DATA TO PROCESS ::

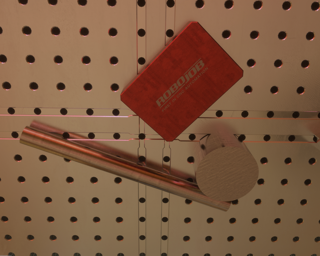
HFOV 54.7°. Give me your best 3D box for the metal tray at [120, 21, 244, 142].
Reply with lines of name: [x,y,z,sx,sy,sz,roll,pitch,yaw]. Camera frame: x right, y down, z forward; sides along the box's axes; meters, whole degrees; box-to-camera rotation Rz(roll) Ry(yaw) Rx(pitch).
metal tray: [0.026,-0.056,0.390,0.090,0.030,0.130,43,104,-15]

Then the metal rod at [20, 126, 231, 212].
metal rod: [-0.041,0.060,0.434,0.302,0.025,0.025,20,109,-8]

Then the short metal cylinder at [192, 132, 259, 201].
short metal cylinder: [0.086,0.052,0.420,0.081,0.050,0.079,0,110,-1]

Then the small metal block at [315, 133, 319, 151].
small metal block: [0.245,0.020,0.411,0.050,0.050,0.025,-21,109,7]
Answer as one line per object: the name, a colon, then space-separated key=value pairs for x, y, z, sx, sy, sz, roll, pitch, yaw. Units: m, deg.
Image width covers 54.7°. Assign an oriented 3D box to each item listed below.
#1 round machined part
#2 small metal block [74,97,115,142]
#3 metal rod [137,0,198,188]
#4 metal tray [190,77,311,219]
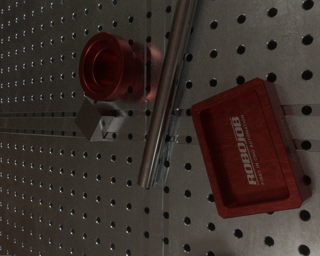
round machined part: x=-0.072 y=-0.087 z=0.456 sx=0.098 sy=0.042 sz=0.097 roll=0 pitch=90 yaw=39
small metal block: x=-0.105 y=-0.014 z=0.494 sx=0.050 sy=0.025 sz=0.050 roll=45 pitch=117 yaw=30
metal rod: x=0.013 y=-0.066 z=0.396 sx=0.025 sy=0.025 sz=0.298 roll=21 pitch=103 yaw=38
metal tray: x=0.091 y=0.023 z=0.329 sx=0.090 sy=0.030 sz=0.129 roll=-22 pitch=76 yaw=37
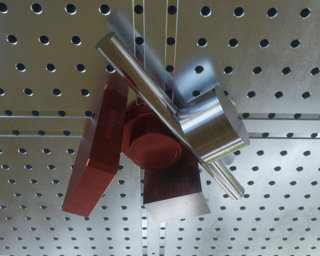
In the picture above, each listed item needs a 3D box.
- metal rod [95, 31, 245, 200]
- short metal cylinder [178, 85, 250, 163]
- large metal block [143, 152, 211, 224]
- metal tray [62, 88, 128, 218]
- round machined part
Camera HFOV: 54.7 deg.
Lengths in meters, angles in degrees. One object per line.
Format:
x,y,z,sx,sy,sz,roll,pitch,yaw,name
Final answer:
0.031,0.005,0.389,0.025,0.025,0.300,-28,125,21,metal rod
0.065,-0.004,0.371,0.050,0.080,0.080,-30,124,22,short metal cylinder
0.024,0.083,0.447,0.080,0.080,0.050,-15,129,12,large metal block
-0.074,0.025,0.364,0.030,0.130,0.089,22,127,-18,metal tray
-0.007,0.019,0.416,0.099,0.042,0.097,-1,130,0,round machined part
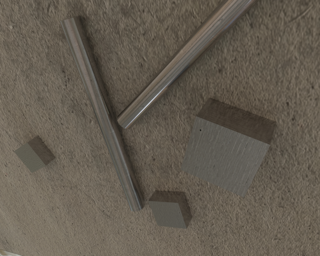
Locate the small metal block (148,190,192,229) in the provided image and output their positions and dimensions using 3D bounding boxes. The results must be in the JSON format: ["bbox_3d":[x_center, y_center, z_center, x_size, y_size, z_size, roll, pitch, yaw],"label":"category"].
[{"bbox_3d":[0.016,0.124,0.474,0.050,0.025,0.050,-4,117,29],"label":"small metal block"}]

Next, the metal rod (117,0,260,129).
[{"bbox_3d":[0.039,-0.087,0.331,0.025,0.025,0.299,45,129,-4],"label":"metal rod"}]

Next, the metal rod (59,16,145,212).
[{"bbox_3d":[-0.074,-0.004,0.441,0.025,0.025,0.298,-2,118,29],"label":"metal rod"}]

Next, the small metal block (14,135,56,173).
[{"bbox_3d":[-0.222,0.047,0.550,0.050,0.025,0.050,-25,105,36],"label":"small metal block"}]

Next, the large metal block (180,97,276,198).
[{"bbox_3d":[0.078,0.022,0.362,0.080,0.050,0.079,22,127,14],"label":"large metal block"}]
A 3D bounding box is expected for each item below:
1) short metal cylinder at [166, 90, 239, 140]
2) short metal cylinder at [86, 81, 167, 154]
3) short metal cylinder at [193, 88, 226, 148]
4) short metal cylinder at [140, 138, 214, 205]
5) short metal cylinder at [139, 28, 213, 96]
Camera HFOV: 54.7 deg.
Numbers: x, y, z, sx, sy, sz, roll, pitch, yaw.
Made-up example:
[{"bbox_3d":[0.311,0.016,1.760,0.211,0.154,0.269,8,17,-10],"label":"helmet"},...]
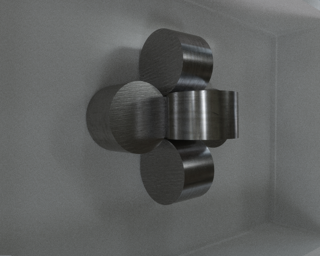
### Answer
[{"bbox_3d":[0.048,-0.014,0.351,0.081,0.080,0.050,-2,91,-40],"label":"short metal cylinder"},{"bbox_3d":[-0.037,-0.012,0.357,0.081,0.050,0.080,0,90,-40],"label":"short metal cylinder"},{"bbox_3d":[0.057,-0.013,0.435,0.081,0.050,0.080,0,90,-40],"label":"short metal cylinder"},{"bbox_3d":[0.020,0.051,0.385,0.050,0.080,0.079,-3,92,-41],"label":"short metal cylinder"},{"bbox_3d":[0.018,-0.078,0.383,0.050,0.080,0.079,-3,92,-41],"label":"short metal cylinder"}]
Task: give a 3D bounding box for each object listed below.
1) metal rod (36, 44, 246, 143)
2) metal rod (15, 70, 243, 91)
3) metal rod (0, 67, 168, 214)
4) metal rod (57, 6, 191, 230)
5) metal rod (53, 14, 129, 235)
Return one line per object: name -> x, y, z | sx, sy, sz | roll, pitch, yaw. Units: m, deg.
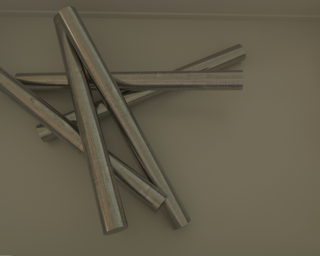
metal rod -> -0.019, -0.051, 0.428 | 0.302, 0.025, 0.025 | -23, 72, -9
metal rod -> -0.047, -0.062, 0.407 | 0.301, 0.025, 0.025 | 1, 70, 9
metal rod -> -0.118, 0.001, 0.379 | 0.300, 0.025, 0.025 | 36, 74, 13
metal rod -> -0.046, -0.016, 0.381 | 0.025, 0.025, 0.299 | -28, 85, -10
metal rod -> -0.090, -0.026, 0.368 | 0.025, 0.025, 0.299 | -17, 64, -7
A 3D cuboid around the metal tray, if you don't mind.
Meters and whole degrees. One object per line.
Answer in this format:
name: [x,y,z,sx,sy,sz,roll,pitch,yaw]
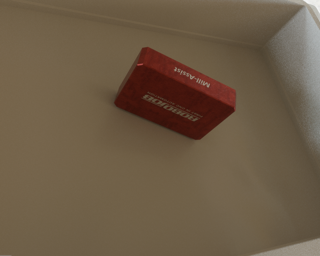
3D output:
metal tray: [0.018,-0.038,0.394,0.131,0.090,0.030,23,53,-16]
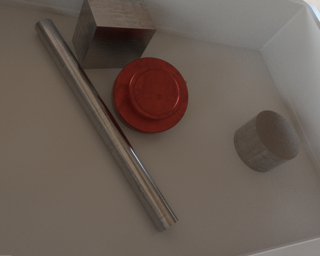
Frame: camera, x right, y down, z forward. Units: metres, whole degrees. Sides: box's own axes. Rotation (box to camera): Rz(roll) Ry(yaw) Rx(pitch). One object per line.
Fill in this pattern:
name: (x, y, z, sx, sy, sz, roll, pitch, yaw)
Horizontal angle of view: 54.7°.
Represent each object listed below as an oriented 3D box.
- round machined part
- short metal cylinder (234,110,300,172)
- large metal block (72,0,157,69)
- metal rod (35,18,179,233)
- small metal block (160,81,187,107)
round machined part: (-0.009, -0.042, 0.392, 0.099, 0.042, 0.097, 1, 85, -17)
short metal cylinder: (0.160, 0.020, 0.466, 0.081, 0.050, 0.080, 14, 56, -21)
large metal block: (-0.063, -0.124, 0.413, 0.081, 0.080, 0.050, -8, 66, -32)
metal rod: (-0.071, -0.012, 0.375, 0.025, 0.025, 0.299, -25, 75, -37)
small metal block: (0.007, -0.053, 0.443, 0.050, 0.025, 0.050, 24, 53, -14)
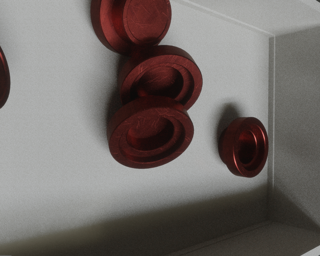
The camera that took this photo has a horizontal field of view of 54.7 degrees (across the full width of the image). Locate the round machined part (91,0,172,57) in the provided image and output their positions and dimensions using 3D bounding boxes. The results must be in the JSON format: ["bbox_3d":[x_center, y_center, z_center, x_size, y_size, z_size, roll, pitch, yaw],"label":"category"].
[{"bbox_3d":[-0.025,-0.130,0.356,0.099,0.042,0.097,-20,123,-34],"label":"round machined part"}]

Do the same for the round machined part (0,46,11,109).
[{"bbox_3d":[-0.151,-0.043,0.233,0.042,0.098,0.097,-8,97,4],"label":"round machined part"}]

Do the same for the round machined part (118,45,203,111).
[{"bbox_3d":[-0.002,-0.056,0.373,0.098,0.098,0.042,27,29,-37],"label":"round machined part"}]

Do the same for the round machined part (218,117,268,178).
[{"bbox_3d":[0.134,0.031,0.511,0.099,0.042,0.097,0,90,-40],"label":"round machined part"}]

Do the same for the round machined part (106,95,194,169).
[{"bbox_3d":[-0.014,0.001,0.364,0.098,0.098,0.042,27,29,-37],"label":"round machined part"}]
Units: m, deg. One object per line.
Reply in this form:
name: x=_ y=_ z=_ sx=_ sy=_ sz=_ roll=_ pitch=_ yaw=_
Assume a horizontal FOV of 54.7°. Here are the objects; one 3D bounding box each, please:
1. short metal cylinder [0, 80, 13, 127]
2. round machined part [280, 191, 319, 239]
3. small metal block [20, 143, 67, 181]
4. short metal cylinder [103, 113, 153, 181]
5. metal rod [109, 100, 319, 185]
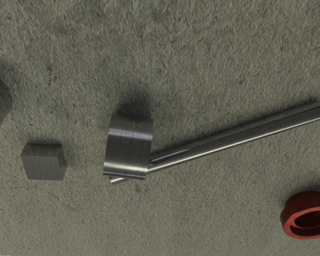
short metal cylinder: x=-0.226 y=-0.025 z=0.367 sx=0.081 sy=0.050 sz=0.079 roll=0 pitch=130 yaw=0
round machined part: x=0.252 y=0.143 z=0.520 sx=0.099 sy=0.042 sz=0.097 roll=0 pitch=130 yaw=0
small metal block: x=-0.167 y=0.049 z=0.448 sx=0.050 sy=0.025 sz=0.050 roll=3 pitch=130 yaw=-3
short metal cylinder: x=-0.040 y=0.023 z=0.391 sx=0.050 sy=0.080 sz=0.079 roll=8 pitch=130 yaw=-7
metal rod: x=0.065 y=0.026 z=0.429 sx=0.301 sy=0.025 sz=0.025 roll=-20 pitch=128 yaw=15
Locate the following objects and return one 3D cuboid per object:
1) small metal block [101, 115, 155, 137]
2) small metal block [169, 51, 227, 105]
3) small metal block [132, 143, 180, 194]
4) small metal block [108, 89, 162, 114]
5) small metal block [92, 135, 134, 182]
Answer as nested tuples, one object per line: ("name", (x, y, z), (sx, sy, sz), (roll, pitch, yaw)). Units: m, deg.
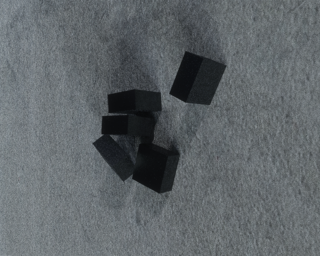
("small metal block", (-0.043, -0.002, 0.421), (0.050, 0.050, 0.025), (0, 86, 40))
("small metal block", (0.044, -0.055, 0.351), (0.025, 0.050, 0.050), (33, 110, 35))
("small metal block", (-0.006, 0.052, 0.408), (0.050, 0.025, 0.050), (20, 103, 38))
("small metal block", (-0.033, -0.034, 0.414), (0.050, 0.050, 0.025), (-5, 87, 39))
("small metal block", (-0.063, 0.041, 0.436), (0.025, 0.050, 0.050), (-39, 58, -14))
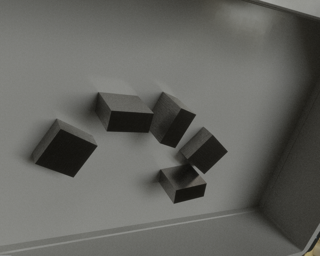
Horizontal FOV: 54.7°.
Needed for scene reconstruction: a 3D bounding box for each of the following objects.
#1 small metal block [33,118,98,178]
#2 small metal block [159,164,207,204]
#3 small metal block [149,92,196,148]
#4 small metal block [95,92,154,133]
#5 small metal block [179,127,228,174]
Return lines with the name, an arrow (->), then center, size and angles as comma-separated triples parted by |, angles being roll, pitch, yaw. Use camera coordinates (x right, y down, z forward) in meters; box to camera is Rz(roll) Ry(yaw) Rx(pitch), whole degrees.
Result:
small metal block -> -0.111, 0.024, 0.363 | 0.050, 0.025, 0.050 | 31, 101, -38
small metal block -> 0.033, 0.081, 0.461 | 0.050, 0.050, 0.025 | -7, 122, -25
small metal block -> 0.011, -0.011, 0.392 | 0.025, 0.050, 0.050 | 21, 107, -36
small metal block -> -0.042, -0.018, 0.358 | 0.050, 0.050, 0.025 | 2, 117, -30
small metal block -> 0.066, 0.034, 0.466 | 0.050, 0.025, 0.050 | -45, 129, 3

WORK INSTRUCTIONS :: Search the data above for "below" and copy every line where it turns up.

YOUR SOLUTION ::
Image width covers 54.7°. Assign an oriented 3D box to each item listed below.
A 3D bounding box is expected for each item below:
Task: give a 3D bounding box for each object listed below.
Represent each object listed below as an oriented 3D box.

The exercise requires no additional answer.